528 µs ± 10.5 µs per loop (mean ± std. dev. of 7 runs, 1000 loops each)


In [26]:
%%timeit
fb[{'a': {'<': 0.001}, 'b': {'<': 0.001}}]

677 µs ± 12.9 µs per loop (mean ± std. dev. of 7 runs, 1000 loops each)


In [27]:
%%timeit
ffb[{'a': {'<': 0.001}, 'b': {'<': 0.001}}]

99.1 µs ± 780 ns per loop (mean ± std. dev. of 7 runs, 10000 loops each)


In [29]:
# and now the multi-attribute indexing, blam

In [28]:
%%timeit
lb_multi.find("a < 0.001 and b < 0.001")

46.7 µs ± 322 ns per loop (mean ± std. dev. of 7 runs, 10000 loops each)


In [23]:
%%timeit
# not gonna beat it with something naive either
[o for o in ffb[{'a': {'<': 0.001}}] if o['b'] < 0.001]

204 µs ± 3.33 µs per loop (mean ± std. dev. of 7 runs, 1000 loops each)


Unfortunately, there's not really a good way to implement a multi-attr index here. 
BTree doesn't support multi-attribute lookups afaik.

So we're kinda stuck.

Contrary to popular belief, you can't just "concatenate the keys and use a regular BTree". At least, not with this implementation; it doesn't support separate lookups for "parts" of a key, so you'd be treating the whole key as one object. 

But! We can make a BTree of `{obj: obj}`, so `BTree{key1: BTree{key2: values}}` could work. Except that when `key1`'s values are all unique... you get a whole ton of BTrees.

OK, so we still don't have a good idea. Making a multi-attribute BTree out of a single-attribute one doesn't seem doable.
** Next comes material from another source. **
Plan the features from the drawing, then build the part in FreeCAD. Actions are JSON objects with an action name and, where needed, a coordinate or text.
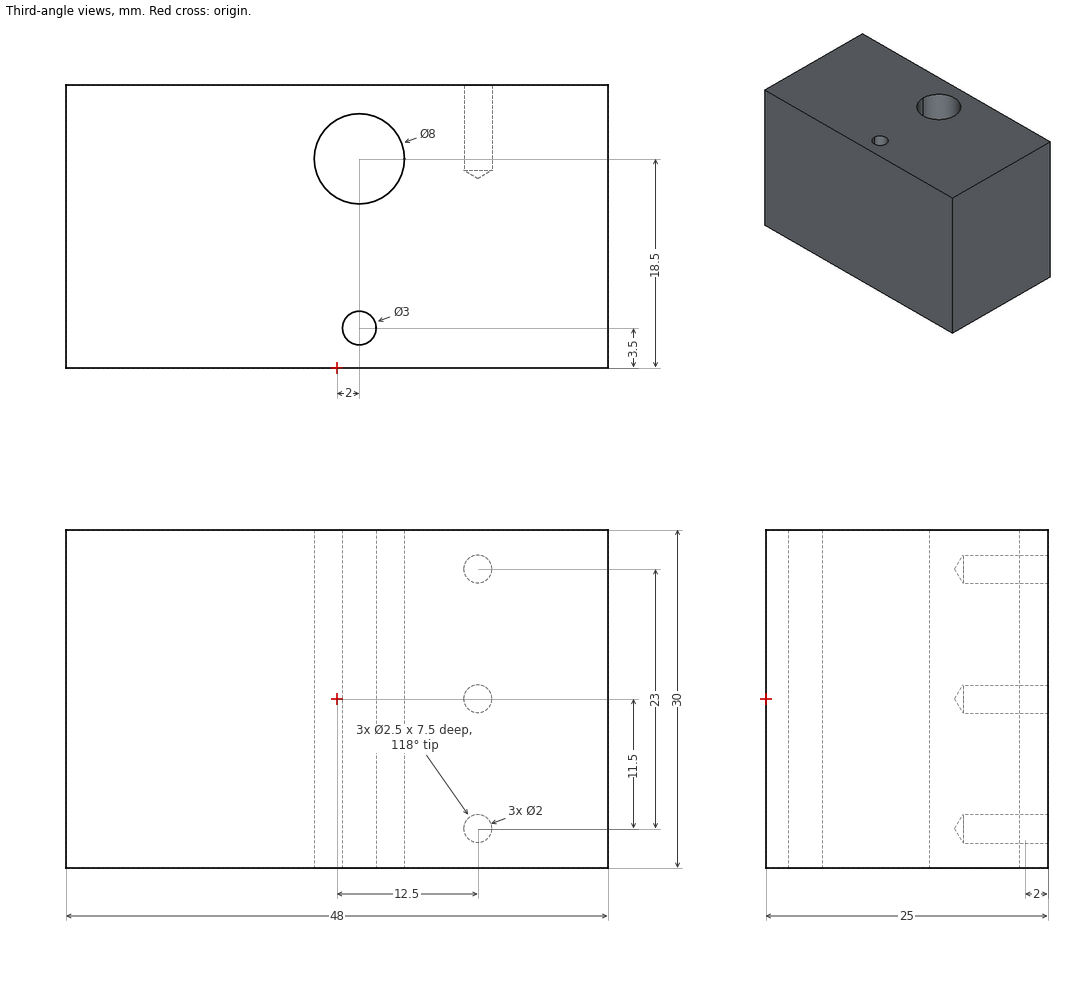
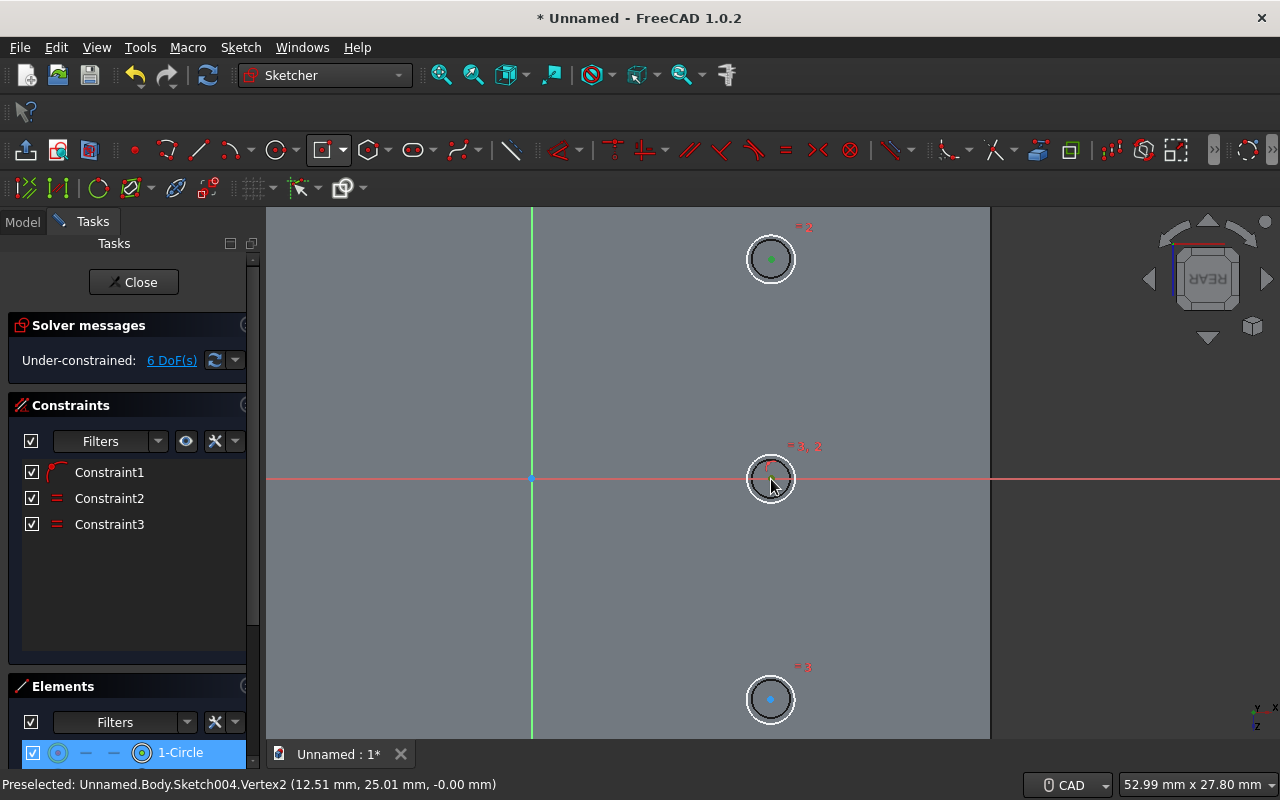
{"action": "left_click", "coordinate": [668, 150]}

The best hack I can think of is:
 - Build the tree on concatenated keys `{(key1, key2): values}` 
 - Get {keys: values} in the range `(k1_min, -inf) < (k1, k2) < (k1_max, inf)`. 
 - Post-filter keys that don't match the k2 constraint.
 - Return only the values with matching keys.

The order bound isn't living up to tree standards, but I bet it would be passable most of the time anyway. Probably beats doing a separate search on key2 and intersecting the results.
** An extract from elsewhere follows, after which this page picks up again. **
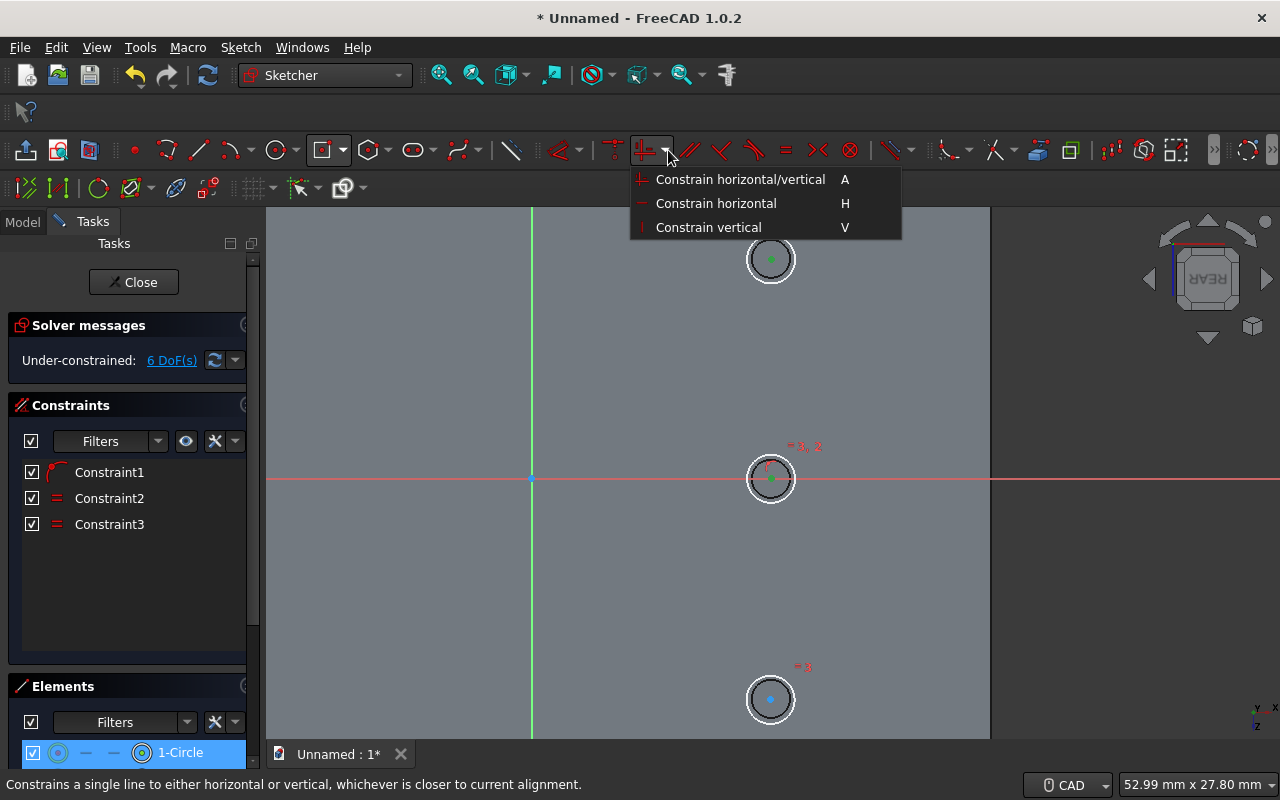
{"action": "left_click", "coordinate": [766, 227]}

The `-inf / inf` values would need to be some type-independent thing. `None` is always small in BTrees so that could be the lower bound.

Could cram it in at the value level instead? `BTree({key1: [(key2, val), (key2, val) ...]` Avoids the awkward comparisons. Burns some RAM though. And it's really equivalent to just using one index and doing the rest in a list comprehension outside the container. 

### todo
think about the frozen arrays and how you would implement it there. That might give good insights.
Sparse ndarrays maybe? Quad / octrees?

In [3]:
from filterbox.btree import BTree
from random import random


In [5]:
objs = [
    {'i': i, 'a': random()*10, 'b': random()} for i in range(10**3)
]

# Task: Find objs where 1 < a < 2 and 0.5 < b < 0.6.

In [6]:
tree = BTree()
for o in objs:
    tree[o['a']] = (o['b'], o)

In [10]:
for b, o in tree.get_range_expr({'>': 1, '<': 2}):
    if b < 0.6 and b > 0.5:
        print(o)

{'i': 191, 'a': 1.0570674936431124, 'b': 0.5649662294471903}
{'i': 437, 'a': 1.3542792185455155, 'b': 0.5753256982901156}
{'i': 185, 'a': 1.401839984653963, 'b': 0.5310477476841865}
{'i': 772, 'a': 1.44039489179562, 'b': 0.5176671572926902}
{'i': 457, 'a': 1.469287583082859, 'b': 0.5475469700864543}
{'i': 943, 'a': 1.5722080241319658, 'b': 0.5615369447345585}
{'i': 231, 'a': 1.6165395202332788, 'b': 0.5551452004632332}
{'i': 92, 'a': 1.7698873658963565, 'b': 0.5834212111319615}
{'i': 392, 'a': 1.834056255838259, 'b': 0.545838844154715}
{'i': 691, 'a': 1.8549647165079397, 'b': 0.5517766855664482}


In [12]:
# attributes are hashable, so this could work as a dict too. But that's less general.
# Or parallel arrays, one for each attribute, plus one for the object ID. Nah, too hard to add/remove items.